Frederik Karl Kristian Hansen Reistrup (22 April 1863 – 18 March 1929) was a Danish sculptor, illustrator and ceramist. Reistrup is remembered for his important contribution to ceramics in particular for the ceramics he produced for Herman A. Kähler's pottery factory in Næstved.

==Biography==
Born at Valby, he studied ceramics while attending the Copenhagen Technical College in preparation for training under Carl Ferdinand Andersen at the Royal Danish Academy of Fine Arts (1881–82). He also attended the Académie Julian in Paris under Henri Chapu from 1885.
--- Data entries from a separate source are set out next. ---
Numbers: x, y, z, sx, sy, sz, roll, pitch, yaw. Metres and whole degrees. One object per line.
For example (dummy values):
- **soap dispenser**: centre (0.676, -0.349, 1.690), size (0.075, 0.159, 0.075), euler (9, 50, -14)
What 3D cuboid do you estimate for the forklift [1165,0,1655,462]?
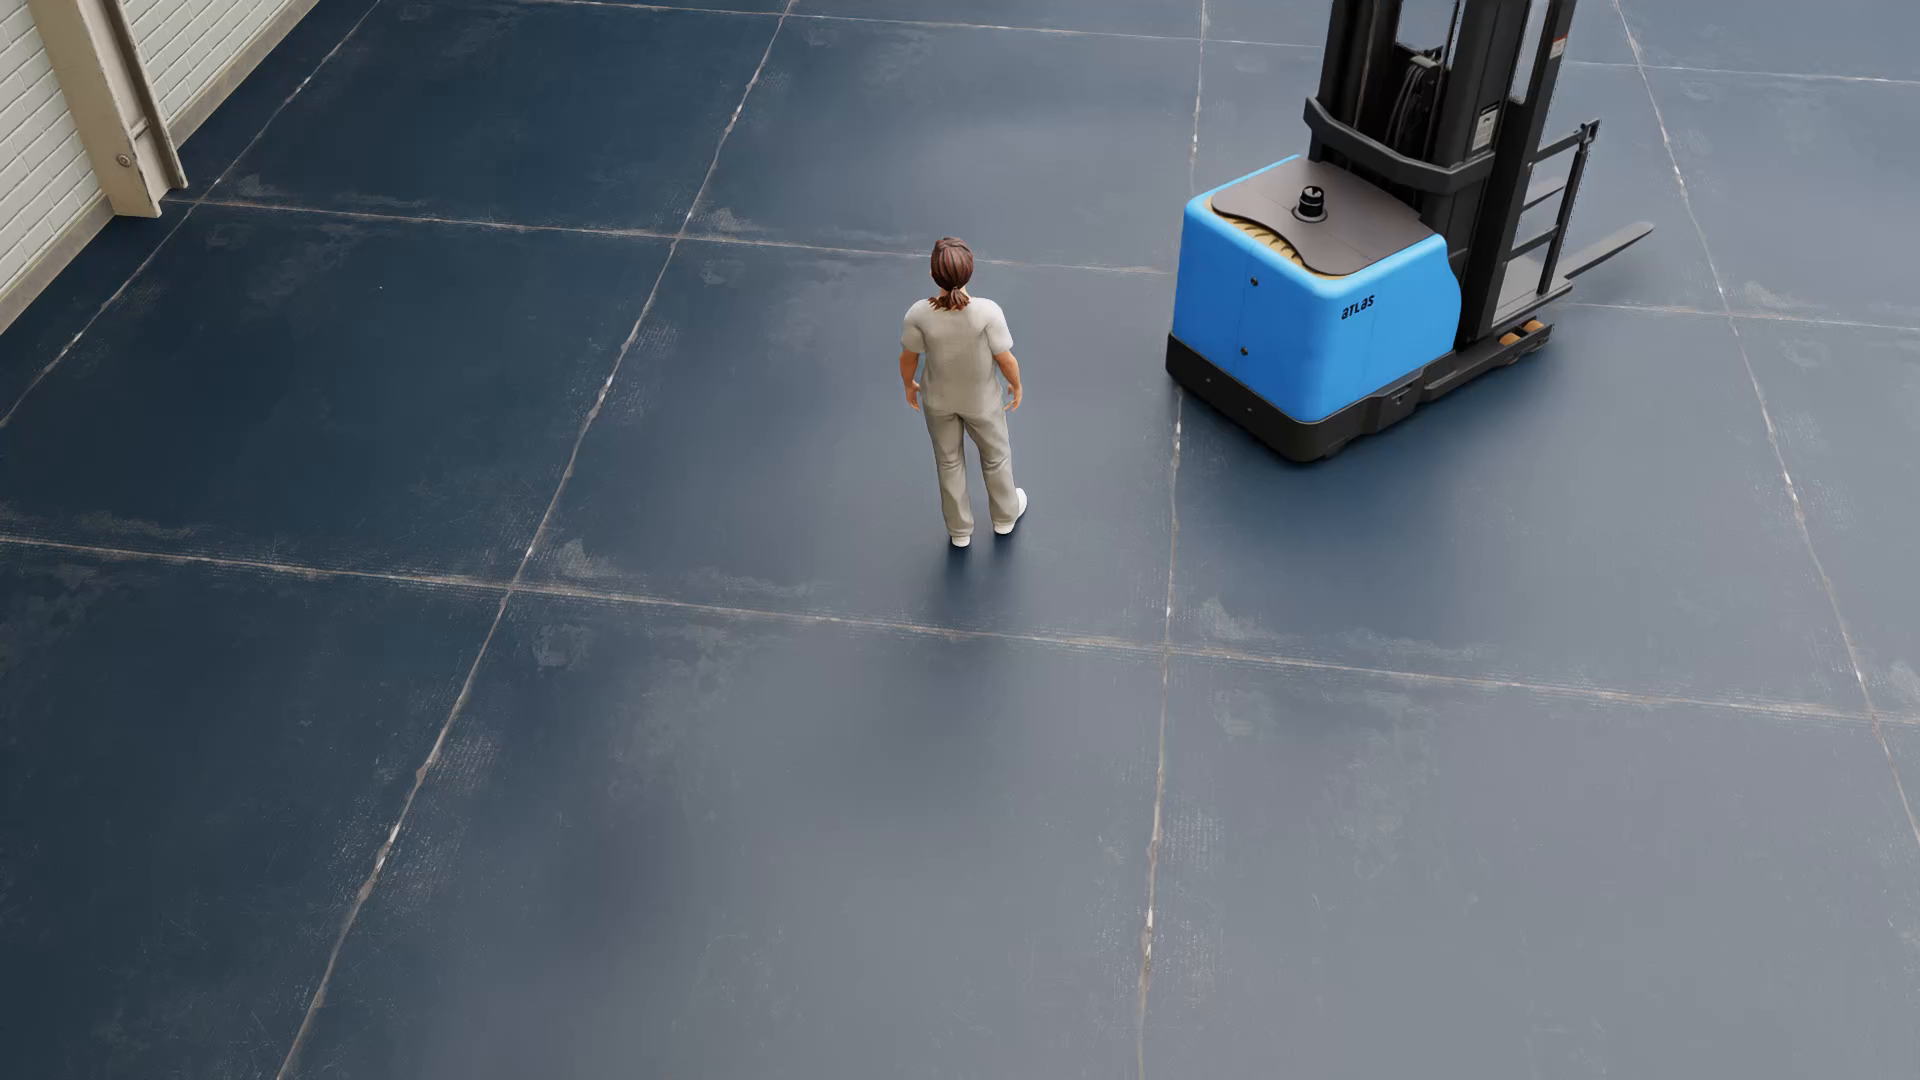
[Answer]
- **forklift**: centre (2.567, -2.281, 8.207), size (3.031, 2.935, 1.130), euler (-27, 49, -26)

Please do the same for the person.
- **person**: centre (0.023, -0.671, 7.372), size (0.550, 1.673, 0.548), euler (5, 43, 6)

After apprenticeships at the Kongelige Porcelainsfabrik and at the Manufacture nationale de Sèvres, he joined Herman A. Kähler at his ceramics factory in Næstved in 1888 where he became artistic director. He produced many successful designs, especially for vases and jugs, often finished in the ruby lustre glaze known as Kähler red. He also decorated a number of buildings, producing friezes for the Aarhus Theatre (1900), Marselisborg (1902) and Ny Carlsberg Glyptotek (1902).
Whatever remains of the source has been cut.